Building reliable document extraction with GPT-4 and structured outputs

How we moved from fragile regex pipelines to a production-grade AI extraction system with evals and fallback logic.

The old pipeline: regex all the way down

Our client processed 800–1,200 scanned invoices per day from 60+ different vendors. Each vendor had slightly different layouts. The original pipeline was a chain of regex rules per vendor template — brittle, hard to maintain, and it broke every time a vendor changed their invoice format.

Maintenance was consuming 20% of one engineer's time. Accuracy sat at ~91%, meaning ~100 invoices per day required manual correction. The client wanted both problems solved.

Why structured outputs changed everything

OpenAI's structured output mode (with response_format: { type: 'json_schema' }) lets you enforce an exact JSON schema on the model's response. The model cannot produce output that doesn't match the schema — it's constrained at the token level, not post-processed.

This meant we could define a single Invoice schema — vendor name, invoice number, line items, totals, due date — and the model would always return a valid, typed object. No regex. No post-processing gymnastics.

The extraction architecture

Our pipeline has three stages:

OCR layer: AWS Textract for scanned PDFs; direct text extraction for digital PDFs via pdf-parse. Output is normalised plain text with layout hints (table markers).
Extraction layer: GPT-4o with structured outputs. System prompt is short — basically "extract invoice fields" — and the schema does the heavy lifting. We pass the OCR text as the user message.
Validation layer: Zod schema validation on the parsed response. Line item totals must sum to the invoice total ± 0.01. If validation fails, we retry once with a correction prompt; if it fails again, the invoice goes to the manual review queue.

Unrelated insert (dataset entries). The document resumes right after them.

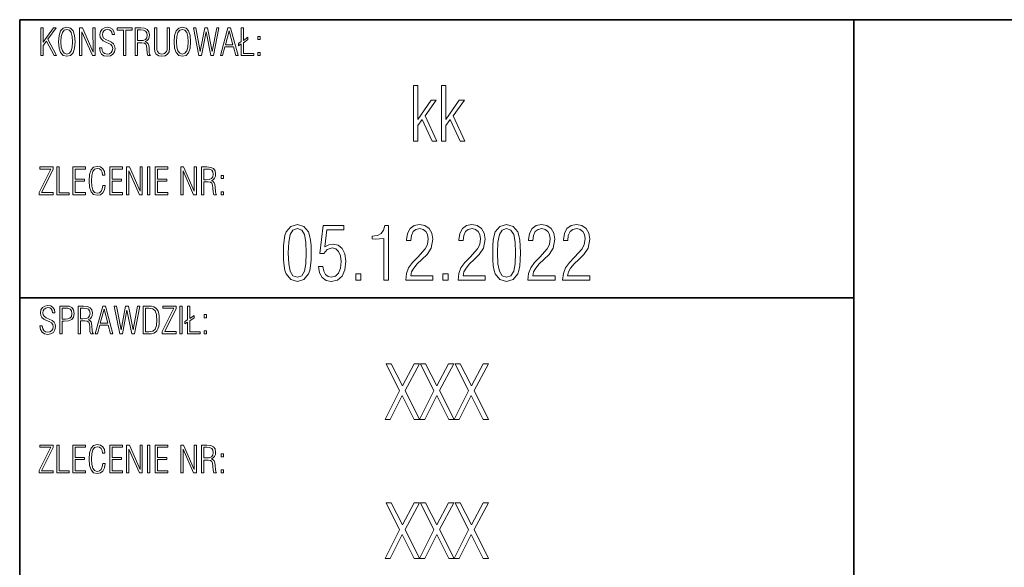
# Model space of a CAD drawing. Extents: x 0 to 420, y 0 to 297.
# Tile 3 of 7: x 220 to 273, y 40 to 70. Entities that reach past the tile are written whole.
import ezdxf

# ---------------------------------------------------------------- set-up
doc = ezdxf.new("R2010")
doc.units = 0

msp = doc.modelspace()

# ---------------------------------------------------------------- linework, layer by layer
at = {"color": 7, "lineweight": 35}
for p, q in [((220, 10), (220, 70)), ((220, 70), (410, 70)), ((265, 14), (265, 70)), ((220, 55), (265, 55))]:
    msp.add_line(p, q, dxfattribs=at)
at = {"color": 7, "lineweight": 13}
for points in [[(222.099, 68.812), (222.123, 68.468), (222.204, 68.224), (222.341, 68.077), (222.542, 68.031), (222.742, 68.077), (222.879, 68.222), (222.959, 68.466), (222.985, 68.812), (222.959, 69.156), (222.879, 69.398), (222.742, 69.543), (222.542, 69.591), (222.341, 69.543), (222.204, 69.398), (222.123, 69.154)], [(224.302, 68.488), (224.334, 68.289), (224.417, 68.146), (224.546, 68.059), (224.721, 68.029), (224.898, 68.059), (225.031, 68.142), (225.113, 68.272), (225.144, 68.45), (225.123, 68.587), (225.063, 68.697), (224.958, 68.786), (224.807, 68.86), (224.642, 68.925), (224.525, 69.009), (224.477, 69.094), (224.461, 69.197), (224.481, 69.307), (224.538, 69.396), (224.626, 69.452), (224.737, 69.474), (224.838, 69.456), (224.914, 69.404), (224.964, 69.319), (224.989, 69.203), (225.109, 69.203), (225.109, 69.213), (225.081, 69.372), (225.007, 69.491), (224.886, 69.565), (224.729, 69.591), (224.568, 69.561), (224.443, 69.481), (224.36, 69.358), (224.332, 69.203), (224.35, 69.06), (224.409, 68.947), (224.509, 68.856), (224.654, 68.782), (224.801, 68.723), (224.92, 68.659), (224.993, 68.566), (225.017, 68.45), (224.995, 68.321), (224.934, 68.226), (224.838, 68.168), (224.711, 68.148), (224.596, 68.17), (224.509, 68.234), (224.451, 68.341), (224.429, 68.488)], [(228.335, 68.812), (228.359, 68.468), (228.44, 68.224), (228.577, 68.077), (228.778, 68.031), (228.977, 68.077), (229.114, 68.222), (229.195, 68.466), (229.221, 68.812), (229.195, 69.156), (229.114, 69.398), (228.977, 69.543), (228.778, 69.591), (228.577, 69.543), (228.44, 69.398), (228.359, 69.154)], [(221.141, 68.061), (221.266, 68.061), (221.266, 68.603), (221.445, 68.846), (221.856, 68.061), (221.989, 68.061), (221.523, 68.951), (221.97, 69.561), (221.828, 69.561), (221.266, 68.792), (221.266, 69.561), (221.141, 69.561)], [(222.228, 68.812), (222.246, 69.102), (222.303, 69.309), (222.401, 69.434), (222.542, 69.477), (222.681, 69.434), (222.78, 69.309), (222.834, 69.102), (222.854, 68.812), (222.834, 68.52), (222.78, 68.313), (222.681, 68.188), (222.542, 68.148), (222.401, 68.188), (222.303, 68.313), (222.246, 68.52)], [(223.231, 68.061), (223.356, 68.061), (223.356, 69.344), (223.923, 68.061), (224.077, 68.061), (224.077, 69.561), (223.952, 69.561), (223.958, 68.252), (223.38, 69.561), (223.231, 69.561)], [(225.607, 68.061), (225.732, 68.061), (225.732, 69.44), (226.074, 69.44), (226.074, 69.561), (225.26, 69.561), (225.26, 69.44), (225.607, 69.44)], [(226.237, 68.061), (226.362, 68.061), (226.362, 68.76), (226.597, 68.76), (226.726, 68.742), (226.803, 68.685), (226.841, 68.585), (226.857, 68.436), (226.869, 68.194), (226.907, 68.061), (227.052, 68.061), (227.008, 68.132), (226.988, 68.226), (226.976, 68.49), (226.96, 68.613), (226.928, 68.707), (226.867, 68.776), (226.777, 68.82), (226.875, 68.874), (226.946, 68.953), (226.986, 69.056), (227, 69.187), (226.97, 69.354), (226.883, 69.47), (226.736, 69.539), (226.529, 69.561), (226.237, 69.561)], [(226.362, 68.87), (226.362, 69.45), (226.525, 69.45), (226.678, 69.434), (226.789, 69.386), (226.853, 69.299), (226.875, 69.172), (226.851, 69.028), (226.779, 68.933), (226.658, 68.885), (226.491, 68.87)], [(228.083, 69.561), (227.958, 69.561), (227.958, 68.482), (227.95, 68.369), (227.92, 68.277), (227.819, 68.18), (227.674, 68.146), (227.528, 68.18), (227.429, 68.277), (227.393, 68.395), (227.389, 68.55), (227.389, 69.561), (227.264, 69.561), (227.264, 68.458), (227.29, 68.272), (227.368, 68.138), (227.497, 68.059), (227.674, 68.031), (227.848, 68.059), (227.977, 68.138), (228.055, 68.272), (228.083, 68.458)], [(228.464, 68.812), (228.482, 69.102), (228.538, 69.309), (228.637, 69.434), (228.778, 69.477), (228.917, 69.434), (229.015, 69.309), (229.07, 69.102), (229.09, 68.812), (229.07, 68.52), (229.015, 68.313), (228.917, 68.188), (228.778, 68.148), (228.637, 68.188), (228.538, 68.313), (228.482, 68.52)], [(229.376, 69.561), (229.668, 68.061), (229.809, 68.061), (230.058, 69.342), (230.312, 68.061), (230.457, 68.061), (230.751, 69.561), (230.628, 69.561), (230.389, 68.285), (230.139, 69.561), (229.986, 69.561), (229.74, 68.285), (229.501, 69.561)], [(230.828, 68.061), (230.944, 68.061), (231.073, 68.532), (231.526, 68.532), (231.653, 68.061), (231.78, 68.061), (231.379, 69.561), (231.232, 69.561)], [(231.095, 68.647), (231.299, 69.396), (231.5, 68.647)], [(231.953, 68.061), (232.63, 68.061), (232.63, 68.174), (232.074, 68.174), (232.074, 68.758), (232.309, 68.925), (232.309, 69.05), (232.074, 68.883), (232.074, 69.561), (231.953, 69.561), (231.953, 68.82), (231.812, 68.721), (231.812, 68.597), (231.953, 68.697)], [(232.843, 68.933), (232.976, 68.933), (232.976, 69.1), (232.843, 69.1)], [(232.843, 68.061), (232.976, 68.061), (232.976, 68.228), (232.843, 68.228)], [(241.24, 63.45), (241.473, 63.45), (241.473, 64.288), (241.715, 64.622), (242.242, 63.45), (242.496, 63.45), (241.872, 64.823), (242.472, 65.661), (242.198, 65.661), (241.473, 64.626), (241.473, 66.45), (241.24, 66.45)], [(242.754, 63.45), (242.987, 63.45), (242.987, 64.288), (243.229, 64.622), (243.756, 63.45), (244.01, 63.45), (243.386, 64.823), (243.986, 65.661), (243.712, 65.661), (242.987, 64.626), (242.987, 66.45), (242.754, 66.45)], [(221.05, 60.561), (221.805, 60.561), (221.805, 60.68), (221.183, 60.68), (221.805, 61.932), (221.805, 62.061), (221.085, 62.061), (221.085, 61.946), (221.672, 61.946), (221.05, 60.69)], [(221.999, 60.561), (222.675, 60.561), (222.675, 60.674), (222.123, 60.674), (222.123, 62.061), (221.999, 62.061)], [(222.86, 60.561), (223.549, 60.561), (223.549, 60.678), (222.985, 60.678), (222.985, 61.288), (223.493, 61.288), (223.493, 61.403), (222.985, 61.403), (222.985, 61.944), (223.549, 61.944), (223.549, 62.061), (222.86, 62.061)], [(224.61, 61.064), (224.483, 61.064), (224.451, 60.883), (224.391, 60.752), (224.3, 60.674), (224.185, 60.648), (224.044, 60.688), (223.948, 60.813), (223.891, 61.02), (223.873, 61.312), (223.891, 61.602), (223.948, 61.809), (224.044, 61.934), (224.185, 61.977), (224.298, 61.952), (224.387, 61.886), (224.445, 61.775), (224.471, 61.626), (224.6, 61.626), (224.566, 61.823), (224.483, 61.968), (224.352, 62.059), (224.185, 62.091), (223.984, 62.043), (223.847, 61.898), (223.766, 61.654), (223.742, 61.312), (223.766, 60.966), (223.847, 60.722), (223.984, 60.577), (224.185, 60.531), (224.354, 60.563), (224.483, 60.664), (224.568, 60.831)], [(224.864, 60.561), (225.552, 60.561), (225.552, 60.678), (224.989, 60.678), (224.989, 61.288), (225.496, 61.288), (225.496, 61.403), (224.989, 61.403), (224.989, 61.944), (225.552, 61.944), (225.552, 62.061), (224.864, 62.061)], [(225.77, 60.561), (225.895, 60.561), (225.895, 61.844), (226.462, 60.561), (226.615, 60.561), (226.615, 62.061), (226.491, 62.061), (226.497, 60.752), (225.919, 62.061), (225.77, 62.061)], [(226.895, 60.561), (227.02, 60.561), (227.02, 62.061), (226.895, 62.061)], [(227.308, 60.561), (227.997, 60.561), (227.997, 60.678), (227.433, 60.678), (227.433, 61.288), (227.94, 61.288), (227.94, 61.403), (227.433, 61.403), (227.433, 61.944), (227.997, 61.944), (227.997, 62.061), (227.308, 62.061)], [(228.685, 60.561), (228.81, 60.561), (228.81, 61.844), (229.378, 60.561), (229.531, 60.561), (229.531, 62.061), (229.406, 62.061), (229.412, 60.752), (228.834, 62.061), (228.685, 62.061)], [(229.805, 60.561), (229.93, 60.561), (229.93, 61.26), (230.165, 61.26), (230.294, 61.242), (230.37, 61.185), (230.409, 61.085), (230.425, 60.936), (230.437, 60.694), (230.475, 60.561), (230.62, 60.561), (230.576, 60.632), (230.556, 60.726), (230.544, 60.99), (230.528, 61.113), (230.495, 61.207), (230.435, 61.276), (230.344, 61.32), (230.443, 61.374), (230.513, 61.453), (230.554, 61.556), (230.568, 61.687), (230.538, 61.854), (230.451, 61.97), (230.304, 62.039), (230.097, 62.061), (229.805, 62.061)], [(229.93, 61.37), (229.93, 61.95), (230.093, 61.95), (230.246, 61.934), (230.356, 61.886), (230.421, 61.799), (230.443, 61.672), (230.419, 61.528), (230.346, 61.433), (230.226, 61.385), (230.058, 61.37)], [(230.86, 61.433), (230.993, 61.433), (230.993, 61.6), (230.86, 61.6)], [(230.86, 60.561), (230.993, 60.561), (230.993, 60.728), (230.86, 60.728)], [(234.233, 57.428), (234.237, 57.046), (234.261, 56.732), (234.301, 56.478), (234.37, 56.293), (234.619, 55.991), (234.978, 55.89), (235.332, 55.991), (235.582, 56.293), (235.646, 56.478), (235.691, 56.732), (235.715, 57.046), (235.723, 57.428), (235.715, 57.803), (235.687, 58.121), (235.642, 58.37), (235.582, 58.56), (235.332, 58.858), (234.978, 58.962), (234.619, 58.858), (234.37, 58.56), (234.301, 58.37), (234.261, 58.121), (234.237, 57.803)], [(240.825, 55.95), (242.295, 55.95), (242.295, 56.196), (241.095, 56.196), (241.135, 56.405), (241.256, 56.611), (241.445, 56.832), (241.695, 57.078), (241.972, 57.348), (242.194, 57.678), (242.287, 58.165), (242.234, 58.499), (242.089, 58.749), (241.86, 58.906), (241.566, 58.962), (241.276, 58.906), (241.058, 58.741), (240.917, 58.479), (240.869, 58.133), (240.869, 58.089), (241.099, 58.089), (241.131, 58.37), (241.223, 58.576), (241.377, 58.697), (241.59, 58.737), (241.771, 58.697), (241.912, 58.588), (242.005, 58.415), (242.037, 58.185), (241.993, 57.887), (241.872, 57.642), (241.469, 57.191), (241.187, 56.901), (240.982, 56.627), (240.865, 56.317)], [(243.648, 55.95), (245.117, 55.95), (245.117, 56.196), (243.917, 56.196), (243.958, 56.405), (244.079, 56.611), (244.268, 56.832), (244.517, 57.078), (244.795, 57.348), (245.017, 57.678), (245.109, 58.165), (245.057, 58.499), (244.912, 58.749), (244.683, 58.906), (244.389, 58.962), (244.099, 58.906), (243.881, 58.741), (243.74, 58.479), (243.692, 58.133), (243.692, 58.089), (243.921, 58.089), (243.954, 58.37), (244.046, 58.576), (244.199, 58.697), (244.413, 58.737), (244.594, 58.697), (244.735, 58.588), (244.828, 58.415), (244.86, 58.185), (244.815, 57.887), (244.695, 57.642), (244.292, 57.191), (244.01, 56.901), (243.805, 56.627), (243.688, 56.317)], [(245.52, 57.428), (245.524, 57.046), (245.548, 56.732), (245.589, 56.478), (245.657, 56.293), (245.907, 55.991), (246.265, 55.89), (246.619, 55.991), (246.869, 56.293), (246.934, 56.478), (246.978, 56.732), (247.002, 57.046), (247.01, 57.428), (247.002, 57.803), (246.974, 58.121), (246.93, 58.37), (246.869, 58.56), (246.619, 58.858), (246.265, 58.962), (245.907, 58.858), (245.657, 58.56), (245.589, 58.37), (245.548, 58.121), (245.524, 57.803)], [(247.409, 55.95), (248.879, 55.95), (248.879, 56.196), (247.679, 56.196), (247.719, 56.405), (247.84, 56.611), (248.029, 56.832), (248.279, 57.078), (248.556, 57.348), (248.778, 57.678), (248.87, 58.165), (248.818, 58.499), (248.673, 58.749), (248.444, 58.906), (248.15, 58.962), (247.86, 58.906), (247.642, 58.741), (247.501, 58.479), (247.453, 58.133), (247.453, 58.089), (247.683, 58.089), (247.715, 58.37), (247.807, 58.576), (247.96, 58.697), (248.174, 58.737), (248.355, 58.697), (248.496, 58.588), (248.589, 58.415), (248.621, 58.185), (248.577, 57.887), (248.456, 57.642), (248.053, 57.191), (247.771, 56.901), (247.566, 56.627), (247.449, 56.317)], [(249.289, 55.95), (250.759, 55.95), (250.759, 56.196), (249.559, 56.196), (249.599, 56.405), (249.72, 56.611), (249.909, 56.832), (250.159, 57.078), (250.437, 57.348), (250.658, 57.678), (250.751, 58.165), (250.699, 58.499), (250.554, 58.749), (250.324, 58.906), (250.03, 58.962), (249.74, 58.906), (249.523, 58.741), (249.382, 58.479), (249.334, 58.133), (249.334, 58.089), (249.563, 58.089), (249.595, 58.37), (249.688, 58.576), (249.841, 58.697), (250.054, 58.737), (250.236, 58.697), (250.377, 58.588), (250.469, 58.415), (250.501, 58.185), (250.457, 57.887), (250.336, 57.642), (249.934, 57.191), (249.652, 56.901), (249.446, 56.627), (249.33, 56.317)], [(234.491, 57.424), (234.511, 58), (234.587, 58.411), (234.736, 58.652), (234.978, 58.737), (235.215, 58.652), (235.364, 58.411), (235.437, 58), (235.461, 57.424), (235.437, 56.844), (235.364, 56.434), (235.215, 56.192), (234.978, 56.111), (234.736, 56.192), (234.587, 56.434), (234.511, 56.844)], [(236.117, 56.691), (236.174, 56.349), (236.315, 56.095), (236.528, 55.946), (236.81, 55.89), (237.148, 55.958), (237.394, 56.168), (237.543, 56.506), (237.595, 56.981), (237.543, 57.368), (237.402, 57.658), (237.181, 57.839), (236.903, 57.903), (236.673, 57.863), (236.46, 57.746), (236.577, 58.672), (237.483, 58.672), (237.483, 58.906), (236.371, 58.906), (236.19, 57.4), (236.399, 57.4), (236.585, 57.617), (236.85, 57.694), (237.052, 57.646), (237.205, 57.505), (237.305, 57.275), (237.342, 56.965), (237.301, 56.599), (237.197, 56.333), (237.032, 56.168), (236.81, 56.115), (236.633, 56.148), (236.5, 56.256), (236.407, 56.438), (236.359, 56.691)], [(239.641, 55.95), (239.887, 55.95), (239.887, 58.906), (239.697, 58.906), (239.633, 58.644), (239.504, 58.471), (239.299, 58.366), (239.013, 58.33), (239.013, 58.177), (239.174, 58.173), (239.641, 58.209)], [(245.778, 57.424), (245.798, 58), (245.874, 58.411), (246.023, 58.652), (246.265, 58.737), (246.503, 58.652), (246.652, 58.411), (246.724, 58), (246.748, 57.424), (246.724, 56.844), (246.652, 56.434), (246.503, 56.192), (246.265, 56.111), (246.023, 56.192), (245.874, 56.434), (245.798, 56.844)], [(238.127, 55.95), (238.405, 55.95), (238.405, 56.305), (238.127, 56.305)], [(242.83, 55.95), (243.108, 55.95), (243.108, 56.305), (242.83, 56.305)], [(221.091, 53.488), (221.123, 53.289), (221.205, 53.146), (221.334, 53.059), (221.509, 53.029), (221.687, 53.059), (221.819, 53.142), (221.902, 53.272), (221.932, 53.45), (221.912, 53.587), (221.852, 53.697), (221.747, 53.786), (221.596, 53.86), (221.431, 53.925), (221.314, 54.009), (221.266, 54.094), (221.25, 54.197), (221.27, 54.307), (221.326, 54.396), (221.415, 54.452), (221.525, 54.474), (221.626, 54.456), (221.703, 54.404), (221.753, 54.319), (221.777, 54.203), (221.898, 54.203), (221.898, 54.213), (221.87, 54.372), (221.795, 54.491), (221.674, 54.565), (221.517, 54.591), (221.356, 54.561), (221.232, 54.481), (221.149, 54.358), (221.121, 54.203), (221.139, 54.06), (221.197, 53.947), (221.298, 53.856), (221.443, 53.782), (221.59, 53.723), (221.709, 53.659), (221.781, 53.566), (221.805, 53.45), (221.783, 53.321), (221.723, 53.226), (221.626, 53.168), (221.499, 53.148), (221.385, 53.17), (221.298, 53.234), (221.24, 53.341), (221.217, 53.488)], [(222.164, 53.061), (222.289, 53.061), (222.289, 53.746), (222.393, 53.746), (222.637, 53.764), (222.808, 53.832), (222.907, 53.961), (222.941, 54.166), (222.909, 54.35), (222.82, 54.479), (222.663, 54.547), (222.454, 54.561), (222.164, 54.561)], [(222.289, 53.86), (222.289, 54.45), (222.434, 54.45), (222.605, 54.438), (222.723, 54.396), (222.792, 54.305), (222.816, 54.154), (222.788, 54.005), (222.707, 53.911), (222.595, 53.866), (222.472, 53.86)], [(223.158, 53.061), (223.283, 53.061), (223.283, 53.76), (223.519, 53.76), (223.648, 53.742), (223.724, 53.685), (223.762, 53.585), (223.779, 53.436), (223.791, 53.194), (223.829, 53.061), (223.974, 53.061), (223.93, 53.132), (223.909, 53.226), (223.897, 53.49), (223.881, 53.613), (223.849, 53.707), (223.789, 53.776), (223.698, 53.82), (223.797, 53.874), (223.867, 53.953), (223.907, 54.056), (223.921, 54.187), (223.891, 54.354), (223.805, 54.47), (223.658, 54.539), (223.45, 54.561), (223.158, 54.561)], [(223.283, 53.87), (223.283, 54.45), (223.446, 54.45), (223.599, 54.434), (223.71, 54.386), (223.774, 54.299), (223.797, 54.172), (223.772, 54.028), (223.7, 53.933), (223.579, 53.885), (223.412, 53.87)], [(224.077, 53.061), (224.193, 53.061), (224.322, 53.532), (224.775, 53.532), (224.902, 53.061), (225.029, 53.061), (224.628, 54.561), (224.481, 54.561)], [(224.344, 53.647), (224.548, 54.396), (224.749, 53.647)], [(225.105, 54.561), (225.397, 53.061), (225.538, 53.061), (225.788, 54.342), (226.042, 53.061), (226.187, 53.061), (226.481, 54.561), (226.358, 54.561), (226.118, 53.285), (225.868, 54.561), (225.715, 54.561), (225.47, 53.285), (225.23, 54.561)], [(226.666, 53.061), (226.978, 53.061), (227.119, 53.069), (227.236, 53.101), (227.33, 53.154), (227.405, 53.232), (227.459, 53.335), (227.497, 53.464), (227.519, 53.623), (227.528, 53.812), (227.519, 53.999), (227.497, 54.158), (227.461, 54.287), (227.405, 54.39), (227.33, 54.466), (227.236, 54.519), (227.117, 54.551), (226.978, 54.561), (226.666, 54.561)], [(226.791, 53.174), (226.791, 54.45), (226.97, 54.45), (227.179, 54.416), (227.308, 54.307), (227.372, 54.11), (227.387, 53.973), (227.393, 53.81), (227.372, 53.51), (227.308, 53.313), (227.179, 53.206), (226.97, 53.174)], [(227.689, 53.061), (228.444, 53.061), (228.444, 53.18), (227.821, 53.18), (228.444, 54.432), (228.444, 54.561), (227.723, 54.561), (227.723, 54.446), (228.311, 54.446), (227.689, 53.19)], [(228.641, 53.061), (228.766, 53.061), (228.766, 54.561), (228.641, 54.561)], [(229.054, 53.061), (229.73, 53.061), (229.73, 53.174), (229.174, 53.174), (229.174, 53.758), (229.41, 53.925), (229.41, 54.05), (229.174, 53.883), (229.174, 54.561), (229.054, 54.561), (229.054, 53.82), (228.913, 53.721), (228.913, 53.597), (229.054, 53.697)], [(229.944, 53.933), (230.077, 53.933), (230.077, 54.1), (229.944, 54.1)], [(229.944, 53.061), (230.077, 53.061), (230.077, 53.228), (229.944, 53.228)], [(239.709, 48.45), (239.991, 48.45), (240.64, 49.747), (241.284, 48.45), (241.57, 48.45), (240.793, 50.005), (241.566, 51.45), (241.272, 51.45), (240.644, 50.262), (240.036, 51.45), (239.762, 51.45), (240.487, 49.997)], [(241.57, 48.45), (241.852, 48.45), (242.5, 49.747), (243.144, 48.45), (243.43, 48.45), (242.653, 50.005), (243.426, 51.45), (243.132, 51.45), (242.504, 50.262), (241.896, 51.45), (241.622, 51.45), (242.347, 49.997)], [(243.43, 48.45), (243.712, 48.45), (244.36, 49.747), (245.005, 48.45), (245.291, 48.45), (244.513, 50.005), (245.287, 51.45), (244.993, 51.45), (244.364, 50.262), (243.756, 51.45), (243.483, 51.45), (244.207, 49.997)], [(221.05, 45.561), (221.805, 45.561), (221.805, 45.68), (221.183, 45.68), (221.805, 46.932), (221.805, 47.061), (221.085, 47.061), (221.085, 46.946), (221.672, 46.946), (221.05, 45.69)], [(221.999, 45.561), (222.675, 45.561), (222.675, 45.674), (222.123, 45.674), (222.123, 47.061), (221.999, 47.061)], [(222.86, 45.561), (223.549, 45.561), (223.549, 45.678), (222.985, 45.678), (222.985, 46.288), (223.493, 46.288), (223.493, 46.403), (222.985, 46.403), (222.985, 46.944), (223.549, 46.944), (223.549, 47.061), (222.86, 47.061)], [(224.61, 46.064), (224.483, 46.064), (224.451, 45.883), (224.391, 45.752), (224.3, 45.674), (224.185, 45.648), (224.044, 45.688), (223.948, 45.813), (223.891, 46.02), (223.873, 46.312), (223.891, 46.602), (223.948, 46.809), (224.044, 46.934), (224.185, 46.977), (224.298, 46.952), (224.387, 46.886), (224.445, 46.775), (224.471, 46.626), (224.6, 46.626), (224.566, 46.823), (224.483, 46.968), (224.352, 47.059), (224.185, 47.091), (223.984, 47.043), (223.847, 46.898), (223.766, 46.654), (223.742, 46.312), (223.766, 45.966), (223.847, 45.722), (223.984, 45.577), (224.185, 45.531), (224.354, 45.563), (224.483, 45.664), (224.568, 45.831)], [(224.864, 45.561), (225.552, 45.561), (225.552, 45.678), (224.989, 45.678), (224.989, 46.288), (225.496, 46.288), (225.496, 46.403), (224.989, 46.403), (224.989, 46.944), (225.552, 46.944), (225.552, 47.061), (224.864, 47.061)], [(225.77, 45.561), (225.895, 45.561), (225.895, 46.844), (226.462, 45.561), (226.615, 45.561), (226.615, 47.061), (226.491, 47.061), (226.497, 45.752), (225.919, 47.061), (225.77, 47.061)], [(226.895, 45.561), (227.02, 45.561), (227.02, 47.061), (226.895, 47.061)], [(227.308, 45.561), (227.997, 45.561), (227.997, 45.678), (227.433, 45.678), (227.433, 46.288), (227.94, 46.288), (227.94, 46.403), (227.433, 46.403), (227.433, 46.944), (227.997, 46.944), (227.997, 47.061), (227.308, 47.061)], [(228.685, 45.561), (228.81, 45.561), (228.81, 46.844), (229.378, 45.561), (229.531, 45.561), (229.531, 47.061), (229.406, 47.061), (229.412, 45.752), (228.834, 47.061), (228.685, 47.061)], [(229.805, 45.561), (229.93, 45.561), (229.93, 46.26), (230.165, 46.26), (230.294, 46.242), (230.37, 46.185), (230.409, 46.085), (230.425, 45.936), (230.437, 45.694), (230.475, 45.561), (230.62, 45.561), (230.576, 45.632), (230.556, 45.726), (230.544, 45.99), (230.528, 46.113), (230.495, 46.207), (230.435, 46.276), (230.344, 46.32), (230.443, 46.374), (230.513, 46.453), (230.554, 46.556), (230.568, 46.687), (230.538, 46.854), (230.451, 46.97), (230.304, 47.039), (230.097, 47.061), (229.805, 47.061)], [(229.93, 46.37), (229.93, 46.95), (230.093, 46.95), (230.246, 46.934), (230.356, 46.886), (230.421, 46.799), (230.443, 46.672), (230.419, 46.528), (230.346, 46.433), (230.226, 46.385), (230.058, 46.37)], [(230.86, 46.433), (230.993, 46.433), (230.993, 46.6), (230.86, 46.6)], [(230.86, 45.561), (230.993, 45.561), (230.993, 45.728), (230.86, 45.728)], [(239.709, 40.95), (239.991, 40.95), (240.64, 42.247), (241.284, 40.95), (241.57, 40.95), (240.793, 42.505), (241.566, 43.95), (241.272, 43.95), (240.644, 42.762), (240.036, 43.95), (239.762, 43.95), (240.487, 42.497)], [(241.57, 40.95), (241.852, 40.95), (242.5, 42.247), (243.144, 40.95), (243.43, 40.95), (242.653, 42.505), (243.426, 43.95), (243.132, 43.95), (242.504, 42.762), (241.896, 43.95), (241.622, 43.95), (242.347, 42.497)], [(243.43, 40.95), (243.712, 40.95), (244.36, 42.247), (245.005, 40.95), (245.291, 40.95), (244.513, 42.505), (245.287, 43.95), (244.993, 43.95), (244.364, 42.762), (243.756, 43.95), (243.483, 43.95), (244.207, 42.497)]]:
    msp.add_lwpolyline(points, close=True, dxfattribs=at)

doc.saveas('drawing.dxf')

Evals: the part everyone skips

We built a small eval suite of 200 invoices with known-good extractions. Every prompt change runs against the suite before deployment. We track field-level accuracy, not just overall accuracy — it's easy to have high aggregate accuracy while one field (e.g., tax amount) is consistently wrong.

The eval suite caught three regressions during development that we would have shipped without it. It adds maybe 30 minutes to each deployment cycle. Worth every second.

Fallback and cost management

GPT-4o is expensive at volume. We added a routing layer: simple invoices (single-page, known vendors with high confidence on first extract) are routed to gpt-4o-mini. Complex or multi-page invoices go to gpt-4o. This brought per-invoice cost down by ~55% with no measurable accuracy drop on the simple tier.

Results

Extraction accuracy on the eval suite: 98.7%, up from 91%. Manual corrections dropped from ~100/day to ~15/day. Maintenance burden fell from 20% of an engineer's time to near zero — prompt updates take minutes, not days. The client recovered the project cost in under three months through saved labour.